The major public relations venture of the year was the announcing of FUTURE magazine’s Ten Outstanding Young Men for 1941. The selections were released in the January 1942, issue.

Named the TOYM were:

  • Ellis G. Arnall, 35-year-old Governor of Georgia;
  • Paul Brown, Coach of the National Championship Ohio State Buckeyes;
  • Robert K. Burns, a regional director of the War Labor Board;
  • Harold R. Cox, medical researcher;
  • Theodore Gamble, Assistant to the Secretary of Treasury;
  • Henry J. Heinz, II, President of Heinz Foods;
  • George J. Newman, Vice President and General Manager of Consolidated Aircraft of Fort Worth;
  • Chesley Gordon Peterson, youngest Lieutenant Colonel in the U.S. Army Air Force at 22 years of age;
  • Paul C. Smith, former Editor of the San Francisco Chronicle who resigned from the Office of War Information to enlist as a private in the Marine Corps, and
  • William Shepherd, President of the United States Junior Chamber of Commerce

Although an attempt was made to list war heroes in the TOYM selections, it was agreed by all that the real men of the year were the young fellows fighting on land, on and under the sea, and in the air, that freedom should not perish from the earth.

During January, the Distinguished Service Award winner for the year was also named, and Paul Smith received the honor. A nationwide Mutual Broadcasting Company program carried this announcement.

Throughout the year, a concentrated drive had been made to improve the quality of FUTURE magazine, and definite results were realized.

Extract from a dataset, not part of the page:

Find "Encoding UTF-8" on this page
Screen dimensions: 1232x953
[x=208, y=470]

Shepherd and Timmerman also worked to secure more advertising for the magazine so that the publishers would not continue to lose money. The result was an increase from an average of two-and-a-half pages of ads to four-and-a-half pages per issue.

FUTURE was not alone with its financial problems, for the organization itself suffered an $18,000 drop in income, with the budget for 1942-43 totaling approximately $40,100. Financial records of the USJCC had been kept in good shape by Treasurer Ben McDonald, even though he was in the navy.

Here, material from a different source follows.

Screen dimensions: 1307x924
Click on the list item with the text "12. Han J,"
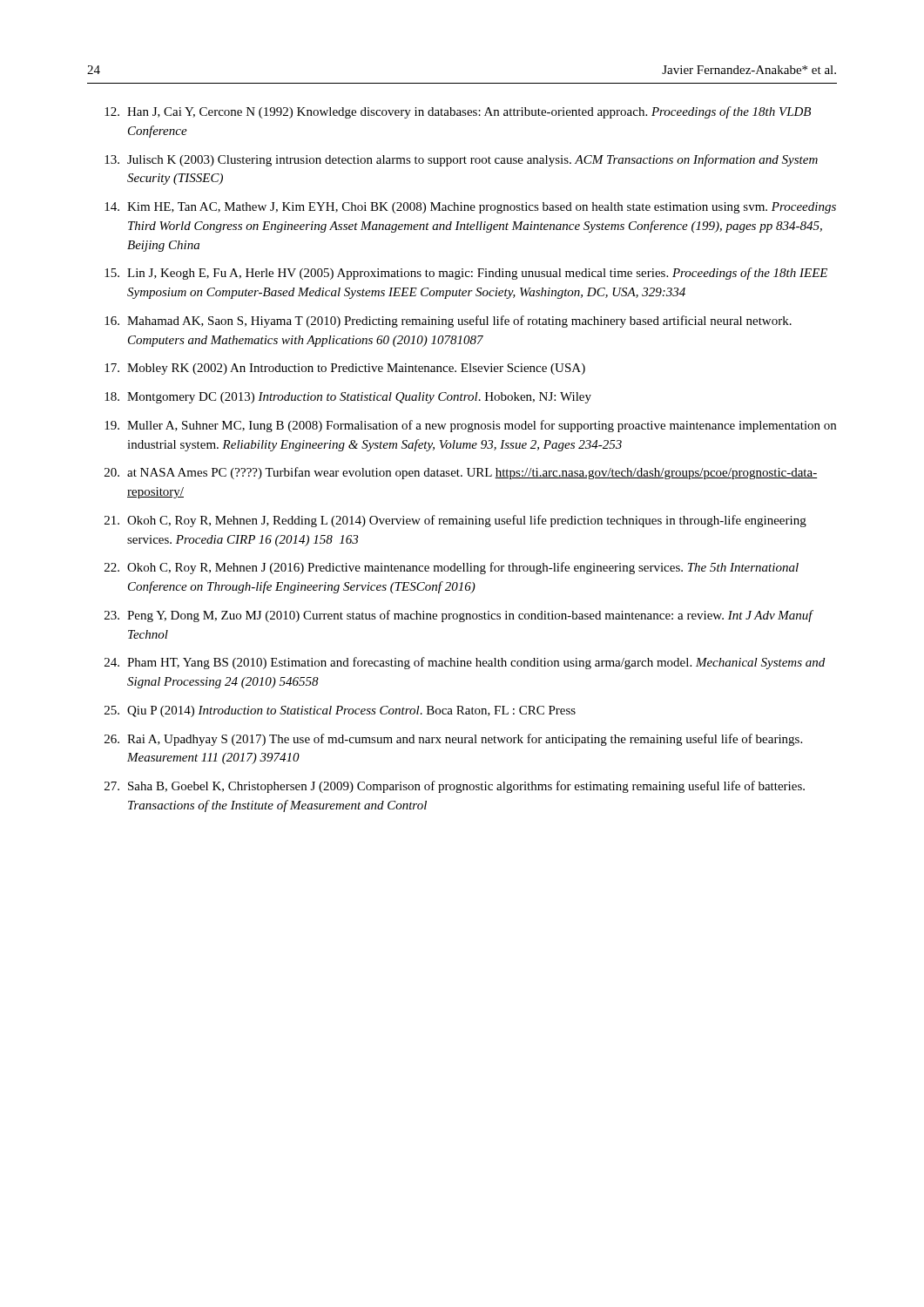462,122

It had been decided not to have a convention in Milwaukee as voted since travel restrictions were so severe that any large gathering would be impossible as well as unpatriotic. For that reason, a war conference was held in Chicago. It was agreed that the next real convention would be in Milwaukee, but this was not to come until 1946. A war conference was held in Omaha in 1944, but in 1945, there was no national meeting, and the president was elected by mail.

Four hundred Jaycees were on hand for the war conference, and business was transacted at a rapid-fire pace. Highlights of the meeting included conferring of awards to the USJCC by the government for outstanding programs in the sale of war bonds and the collection of scrap.

Featured speakers at the meeting were Lewis B. Hershey, head of Selective Service, and Paul Hoffman, Chairman of the Committee on Economic Development and President of the Studebaker Corporation.

A “Star Spangled Rally” was also held in honor of H. Grady Vien, Junior Chamber president in 1927-28, who died on March 5, as well as many Jaycees who had been killed in military service.

Resolutions approved included a statement endorsing the Fifth Freedom or the opportunity of free enterprise and the right to enjoy the fruits of work. In regard to post-war planning, creation of a world organization was favored. It was stated that Jaycees deserved a strong voice in postwar decision making.

The Junior Chamber went on record as commending the WACS, WAVES, and other women’s auxiliary groups of the armed forces. This resolution was passed after much discussion, since opponents thought that approving military duty for women might be construed as a hope that service by women would keep many men from being drafted!

In addition, continued all-out backing of the war effort was voted, and Jaycee locals commended for their fine work.

Chosen as president for the coming term was H. Bruce Palmer of Flint, Michigan.